Jangan remehkan keberadaan kampung di Surabaya, karena berdasarkan penelitian yang dilakukan oleh KENTA KISHI peneliti dari Nippon Foundation, budaya kampung yang terpelihara di sana, punya andil besar menjalin ikatan-ikatan masyarakat. Inilah yang membuat Kota Surabaya tetap bertahan, tidak tergerus oleh arus modernisasi a la Barat yang jadi dogma pembangunan masterplanning.
KENTA KISHI dan timnya yang terdiri dari anak-anak muda kota ini sejak Agustus 2010 lalu menjalankan penelitiannya tentang Kampung Surabaya. Tujuannya, mencari pola pembangunan kota yang berkesinambungan berbasis masyarakat dan lingkungannya. Dari sejumlah kota yang ditelitinya di Asia, KENTA KISHI menemukan ‘harta karun berharga' di Kota Surabaya. Jalinan sosial budaya yang terbentuk di kota ini disebutnya unik dan menarik. Unik karena tidak dijumpainya di banyak kota di negara-negara Asia, juga menarik karena memperkaya khasanah teori design community yang didominasi mazhab Fuller's Landscape yakni tree style-operating system yang bersifat sistematis, masterplanning, top-down dan Platform Network yang berciri self policing.
"Di Surabaya, kita menemukan kesinambungan (sustainability) ketiga. Komunitas Kampung di Surabaya sudah melampaui konsepsi Fuller's Landscape. Dia (komunitas kampung-Red) hidup dalam tree style-operating system yang sistematis dan top down karena berada di rangkaian terbawah sistem pemerintahan kota, tapi di sisi yang lain ada budaya kampung yang terdiri dari sikap saling bantu (gotong royong) dan aktivitas-aktivitas kejelataan. Jalinan ini yang membentuk harmoni di komunitas masyarakat," kata dia.
Kebanyakan negara di dunia paska Perang Dunia II, kata KENTA KISHI, menerapkan pola pembangunan kota masterplanning a la Barat. Pada satu sisi, model ini terbukti memang spesifik, fungsional, dan rasional. Tapi di sisi lain, modernisasi yang rasional ini ikut menggerus akar tradisi dan kearifan lokal masyarakat.

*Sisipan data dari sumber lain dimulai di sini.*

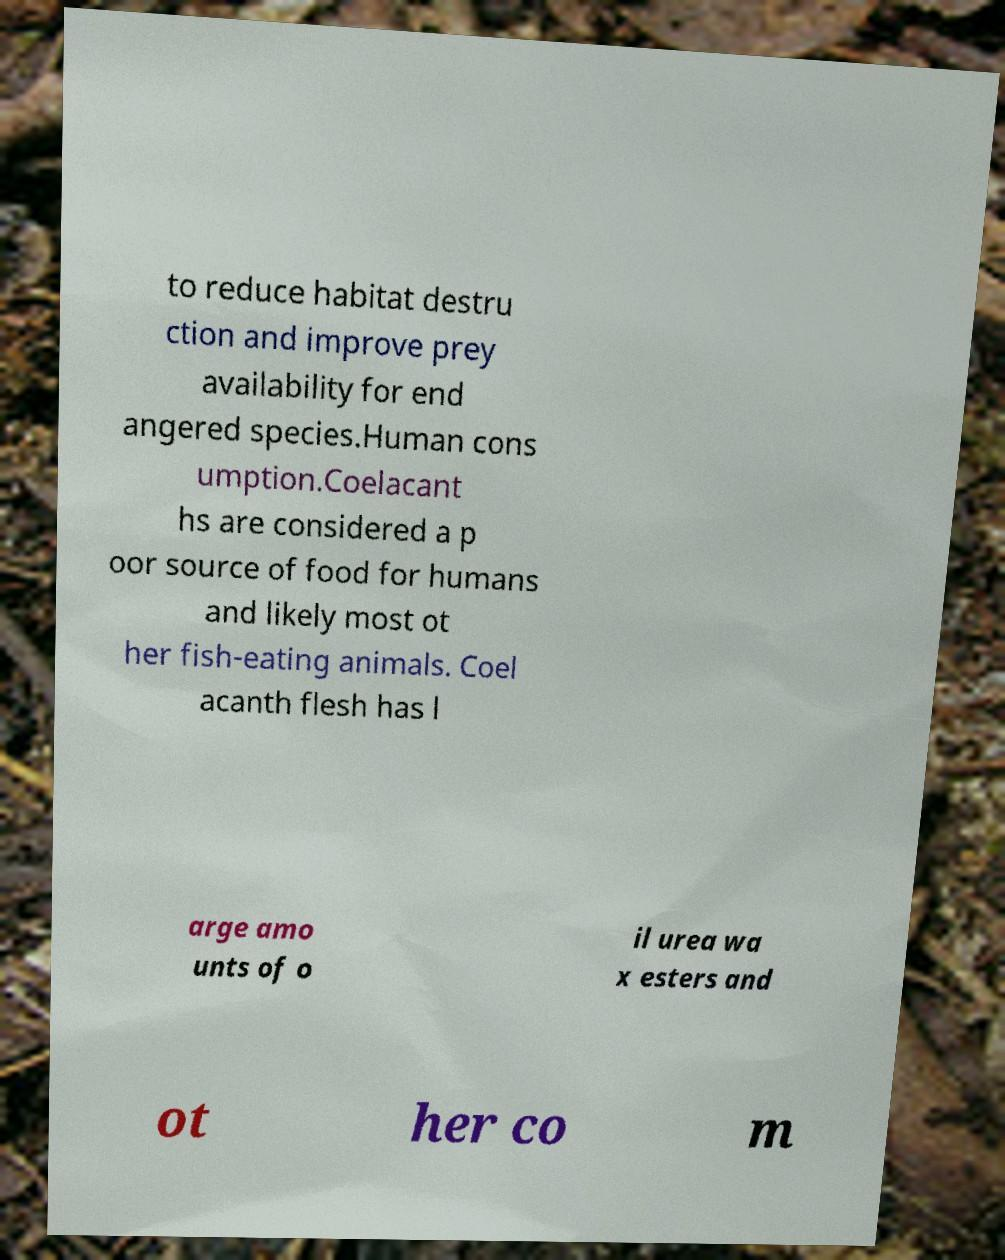Could you extract and type out the text from this image? to reduce habitat destru ction and improve prey availability for end angered species.Human cons umption.Coelacant hs are considered a p oor source of food for humans and likely most ot her fish-eating animals. Coel acanth flesh has l arge amo unts of o il urea wa x esters and ot her co m 
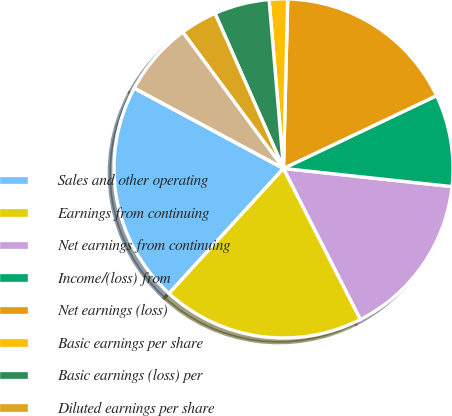Convert chart to OTSL. <chart><loc_0><loc_0><loc_500><loc_500><pie_chart><fcel>Sales and other operating<fcel>Earnings from continuing<fcel>Net earnings from continuing<fcel>Income/(loss) from<fcel>Net earnings (loss)<fcel>Basic earnings per share<fcel>Basic earnings (loss) per<fcel>Diluted earnings per share<fcel>Diluted earnings (loss) per<fcel>Cash dividends paid per share<nl><fcel>21.05%<fcel>19.3%<fcel>15.79%<fcel>8.77%<fcel>17.54%<fcel>1.75%<fcel>5.26%<fcel>3.51%<fcel>7.02%<fcel>0.0%<nl></chart>

"Saya yakin ada konsep pembangunan kota yang tepat untuk diterapkan di negara-negara Asia dan saya menemukannya di sini, di Surabaya," kata dia. Menurut pemegang gelar Master dari Cranbrook Academy of Art, USA ini ada beberapa kasus dimana sebuah kota yang dulunya begitu jadi ‘magnet' namun ditinggalkan dan menjadi kota mati karena tidak adanya jalinan-jalinan seperti yang ada di Surabaya.
KENTA KISHI menyebut contoh kasus di Jepang. Menurut dia, Jepang punya model komunitas masyarakat yang mirip dengan Kampung di Surabaya. Hanya saja, kata dia, shitamachi atau Kampung di Jepang sudah kehilangan rohnya sebagai kampung sejak Perang Dunia I. Ini karena modernisasi yang dimulai sejak Restorasi Meiji, akhir abad 19. Di Kota Beppu, kata KENTA KISHI, pernah jadi kota yang dilirik banyak orang di Jepang. Tak heran karena kota yang berada di Prefektur Oita, Pulau Kyushu ini punya sumber daya alam panas bumi dan keindahan alam yang luar biasa. Modal dan orangpun banyak yang berduyun-duyun ke sana. Namun seiring dengan semakin berkurangnya potensi alam di sana, kota itu ditinggalkan. Bahkan kini penduduknya didominasi manula sehingga pemerintah terpaksa mensubsidi roda kehidupan di sana karena minimnya produksi. Hal yang kurang lebih sama juga terjadi di Ciater, Jawa Barat dan Kota Detroit di Amerika Serikat. "Kota Surabaya juga punya peluang ditinggalkan setelah potensinya hilang, tapi tidak akan terjadi selama budaya kampungnya terjaga," jelas KENTA KISHI.
Dari penelitiannya selama 10 bulan di Surabaya, KENTA KISHI akhirnya menemukan model pembangunan kota yang tepat untuk diterapkan di negara-negara Asia, yakni model networking seperti di Kampung Surabaya yang mengedepankan keguyuban, keramahan, perikehidupan yang saling berinteraksi, dan nilai-nilai tradisi yang saling menjaga satu sama lain melampaui sekat-sekat suku, agama, ras, latar belakang ekonomi, dan sosial."Surabaya punya peluang menjadi model Kampung Masa Depan karena kota ini adalah jalinan Kampung yang saling menjaga satu sama lain," pungkas KENTA KISHI.